Google announced last Tuesday that it will award five Princeton professors combined grants of $500,000 for their promising research on Internet energy efficiency and privacy.
The Google Focused Research Awards, which will total $5.7 million, are unrestricted grants for a period of two to three years.
Computer science professor Ed Felten will receive $400,000 for his research on internet privacy. A four-member team — composed of electrical engineering professor Margaret Martonosi, computer science professor Jennifer Rexford ’91, assistant computer science professor Michael Freedman and associate electrical engineering professor Mung Chiang — will receive $100,000 for their work on energy efficiency.
Felten’s research addresses the practice of web-activity tracking, employed by many online advertising sites to locate potential customers.

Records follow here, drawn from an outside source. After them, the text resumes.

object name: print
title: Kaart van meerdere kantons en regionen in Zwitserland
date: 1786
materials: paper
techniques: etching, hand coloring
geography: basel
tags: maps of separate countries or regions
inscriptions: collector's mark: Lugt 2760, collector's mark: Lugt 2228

“When you surf the web ... the sites can try to connect what you do on this site to what you do on the next site,” Felten said. “By connecting these dots, they can build up a profile of you.”
Felten explained that Google wants to make use of the benefits of online activity tracking, yet at the same time preserve user identity and privacy. He added that Google is the largest provider of online advertising.

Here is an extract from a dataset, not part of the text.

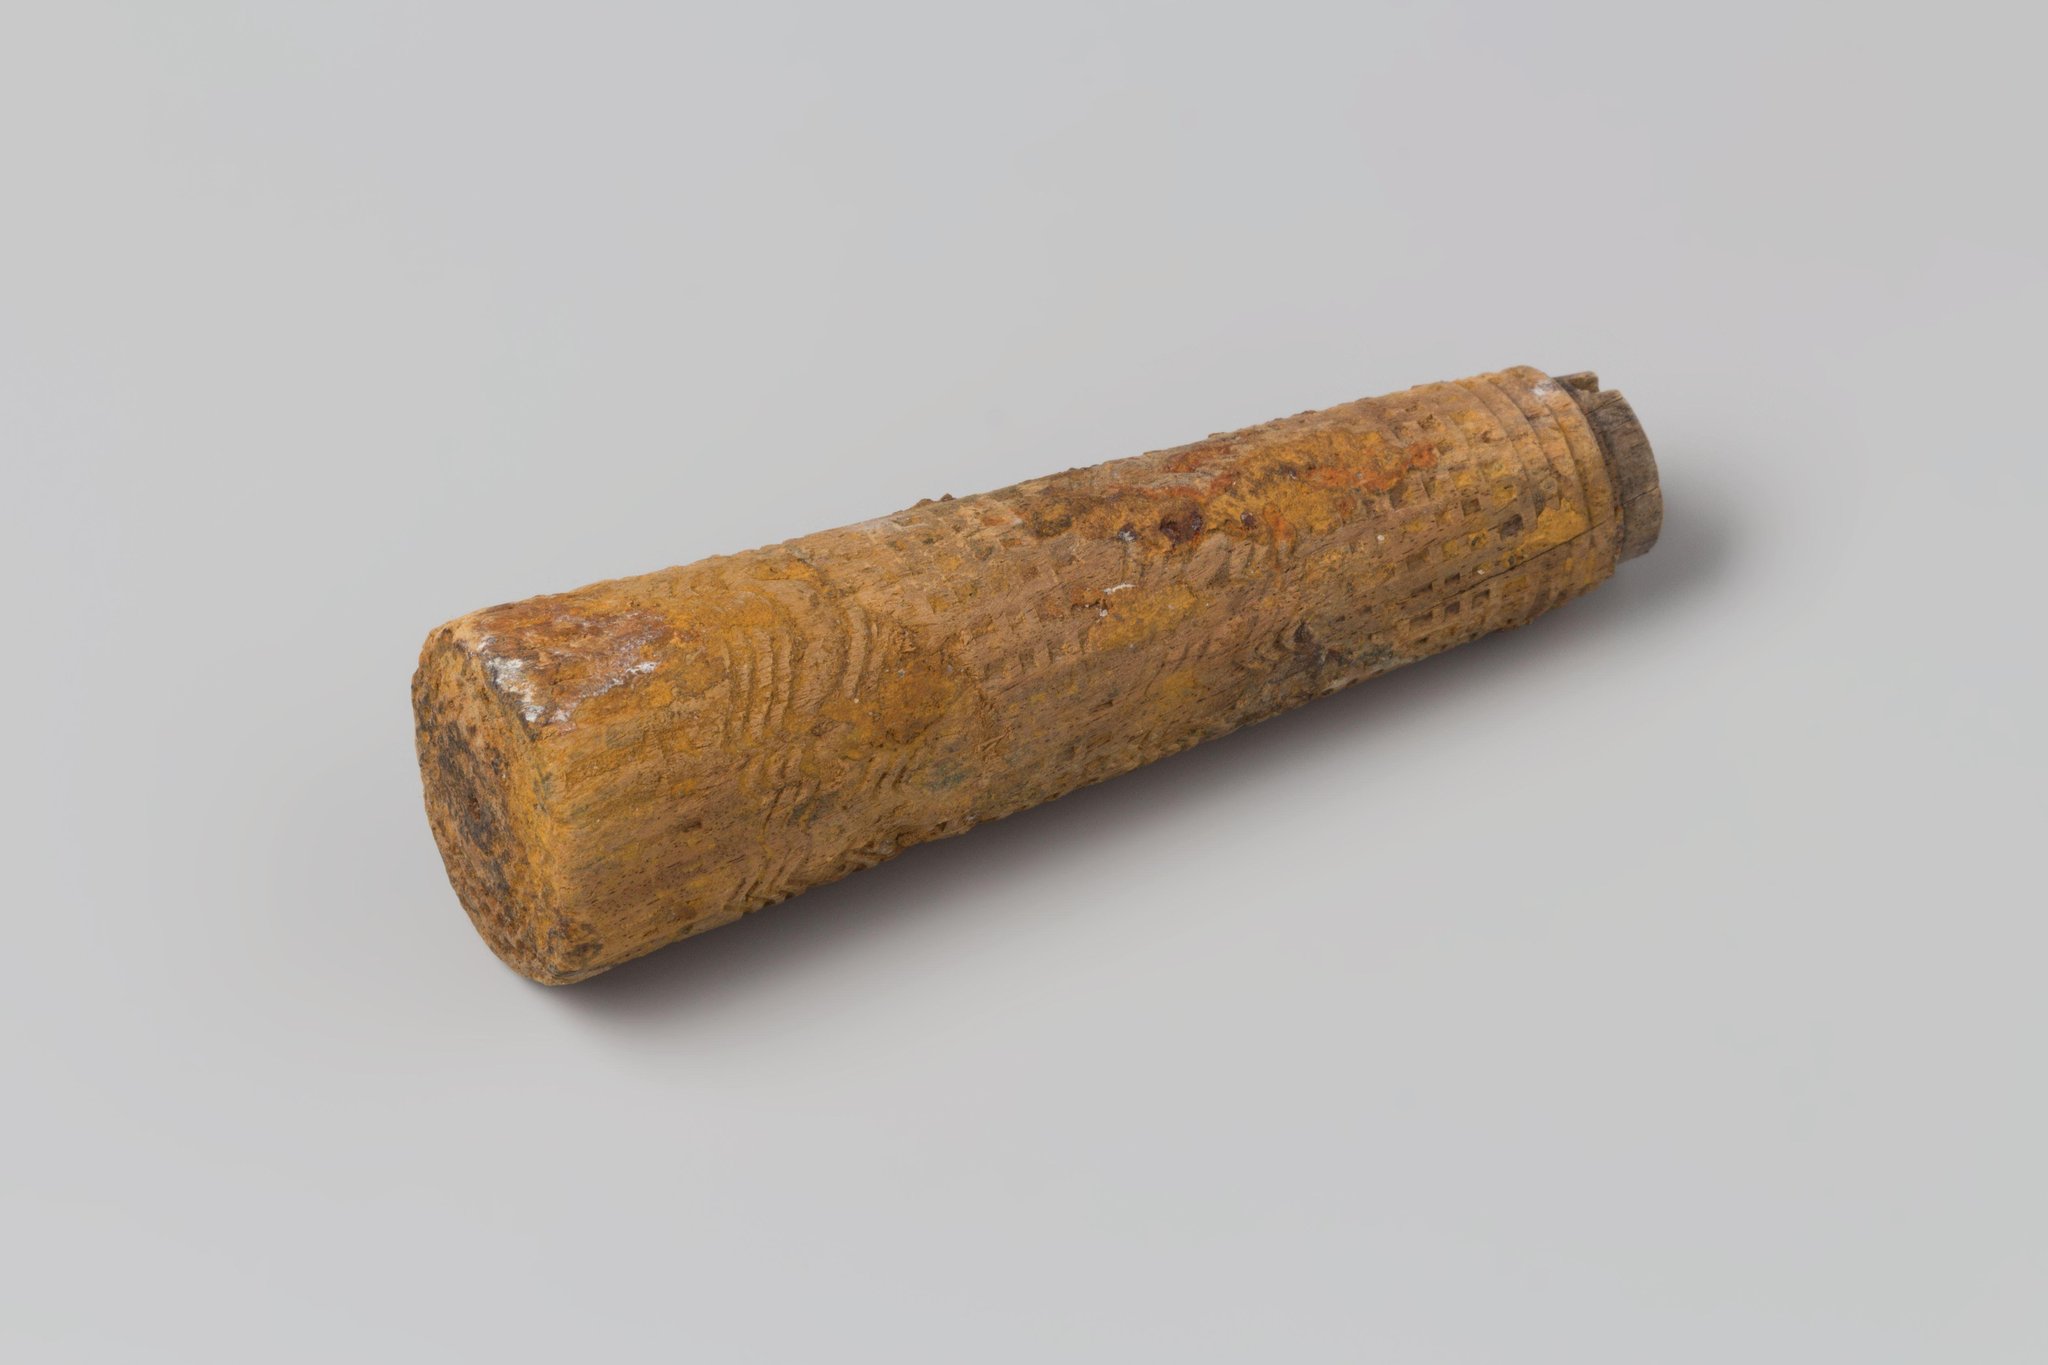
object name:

“As a service provider, [Google] can sometimes provide a better service by using information it got on one site to provide you better service on another site ... The problem right now is there is no effective way to tell those sites whether you want this or not,” Felten said.

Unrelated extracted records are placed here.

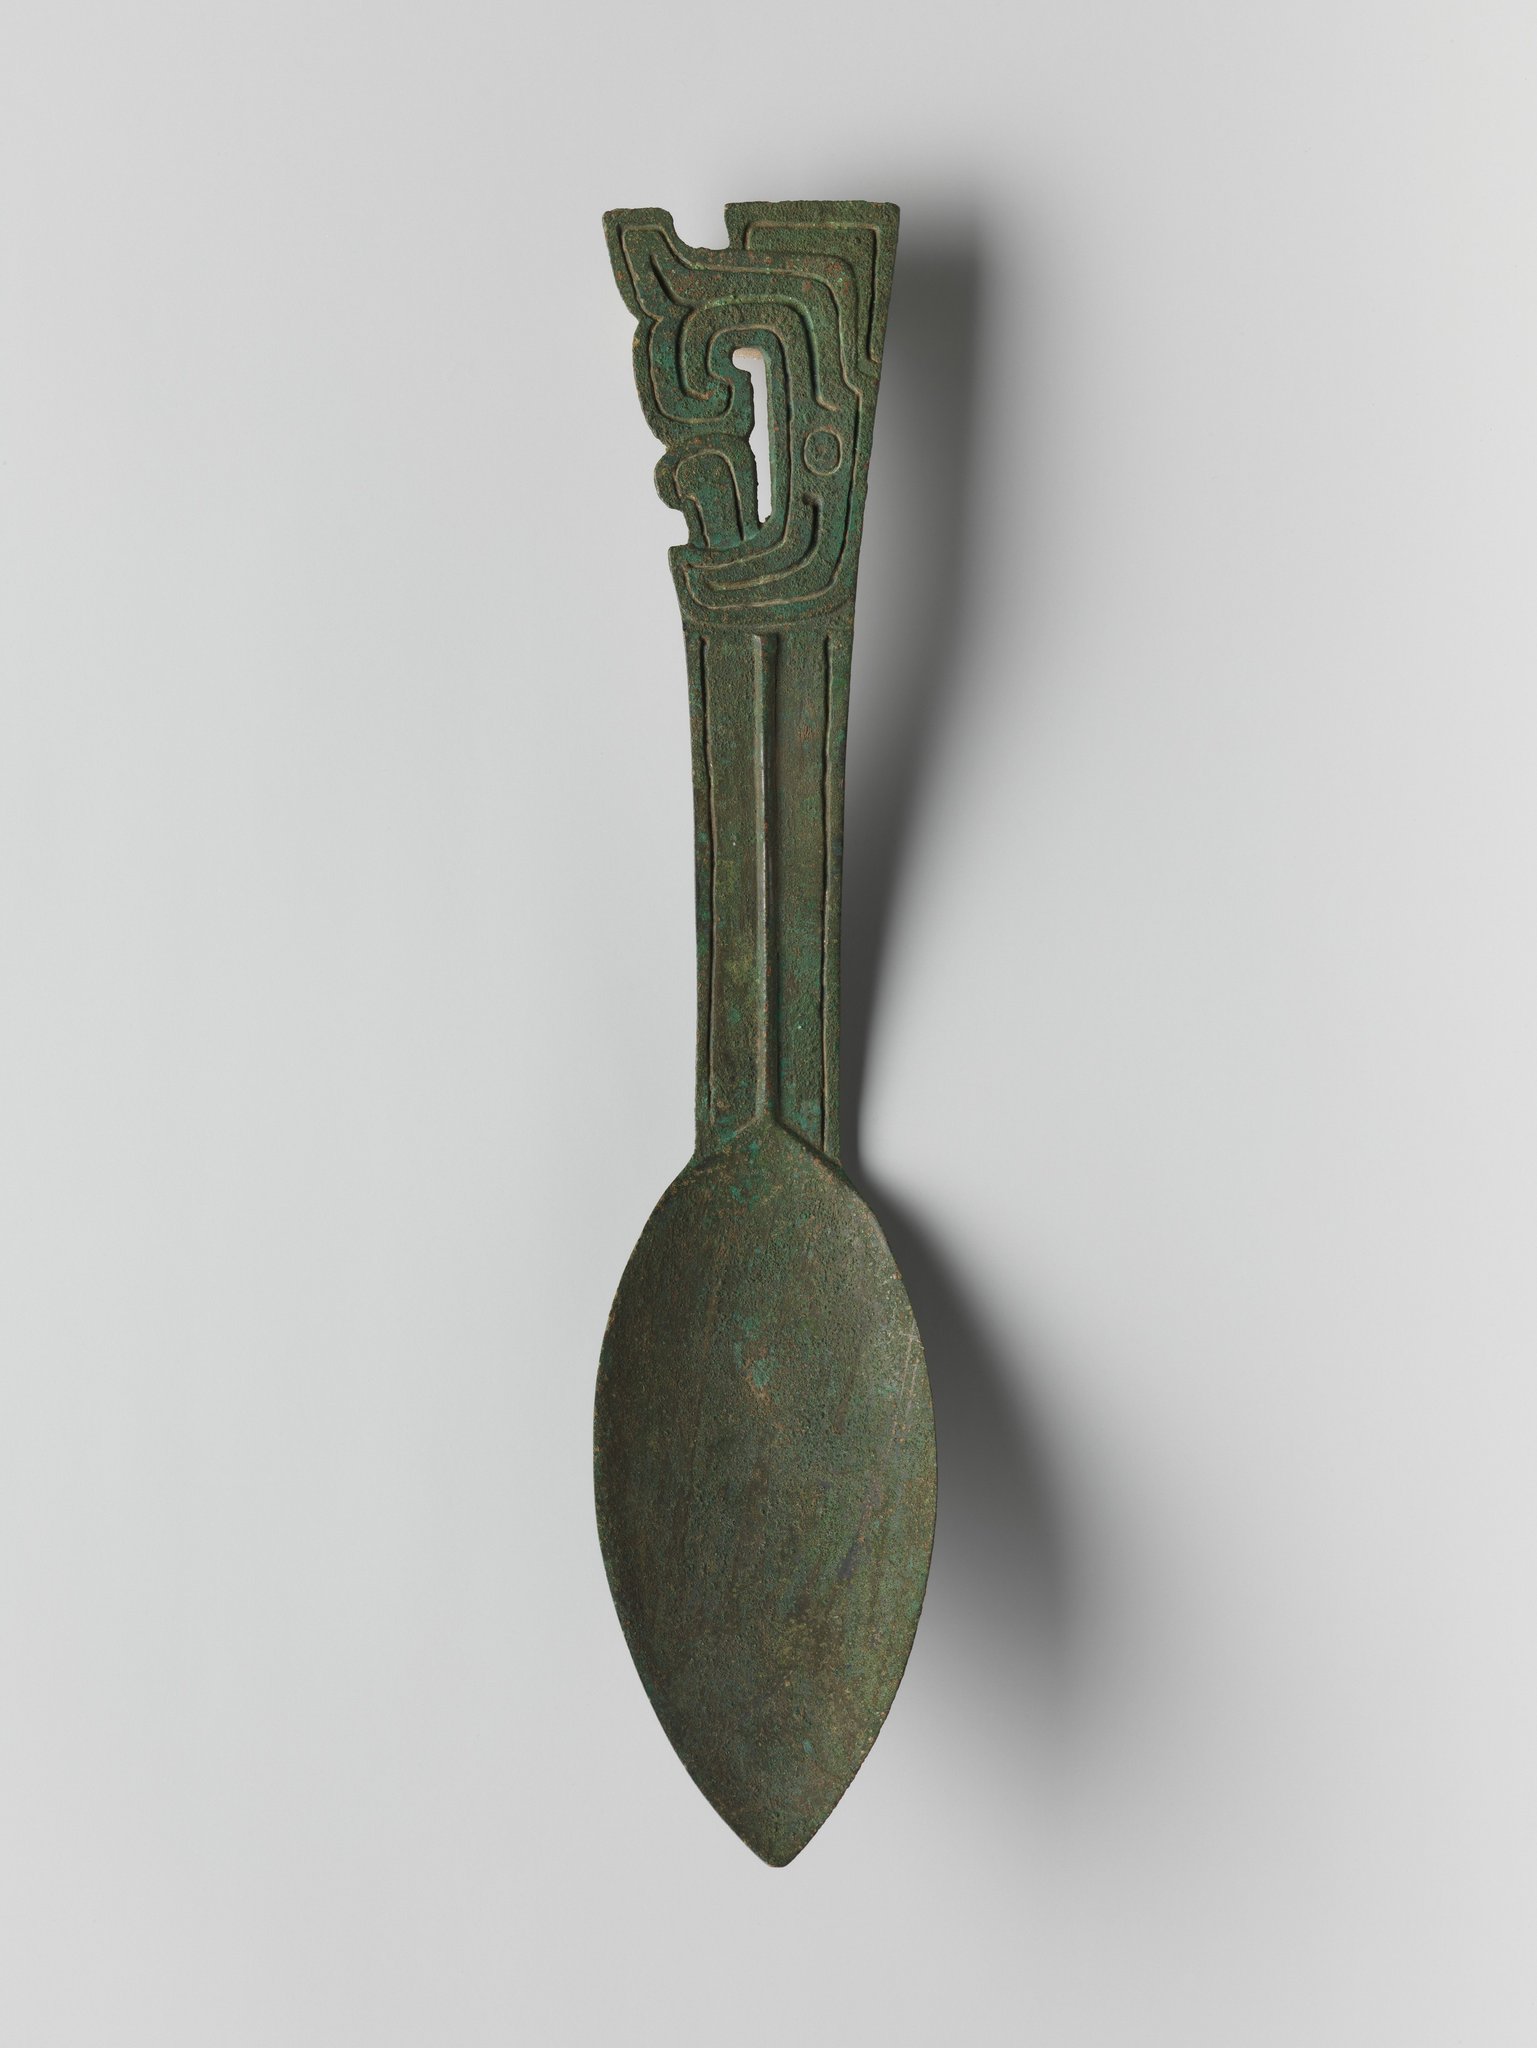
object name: spoon
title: Ritual Spoon (Bi)
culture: chinese
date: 1046-256 BCE
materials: bronze

Another part of Felten’s research focuses on maintaining user privacy across multiple synchronized devices.
“I have here a desktop computer, a laptop and an iPhone, and I want to read my mail on all of those ... The consequence is that the server knows everything about my e-mail,” Felten explained. “Right now, we’re looking at ways of providing these sorts of synchronized services across different platforms, while better protecting the users’ privacy.”
The team award is a response to Google’s growing environmental and financial concerns regarding power supply to its large server databases.
“Google’s infrastructure [is] comprising, by some estimates, as much power as the automobile manufacturing industry,” Freedman said, adding that a single Google data center might contain as many as 500,000 computers. “This power is both economically expensive and, from an environmental perspective, there’s the question of how you could do things more efficiently.”
Web-power consumption is rapidly increasing as businesses rely more heavily on the internet, Rexford explained.

“We’re going to see the Internet become an increasingly large portion of the energy consumed, as it replaces other forms of energy-consuming activity like travel,” she said. “Video-conferencing, for example, could keep people from having to travel.”
Perhaps the central obstacle that the researchers face will be to find an optimal compromise between internet performance and efficiency, Chiang said.
“You can always shut down internet performance to achieve maximum efficiency ... but the difficult question we are addressing is, ‘How can you get the best set of trade-off points?’” Chiang explained.
Researchers said that the grants, in addition to financial support, have also enabled them to develop relationships within the industry.
“More than the money ... what [is] particularly good about the industrial connections is that they build more of a relationship with companies ... to better understand the challenges we face and which only a few places -— Google certainly among them — are uniquely qualified to understand,” Freedman said.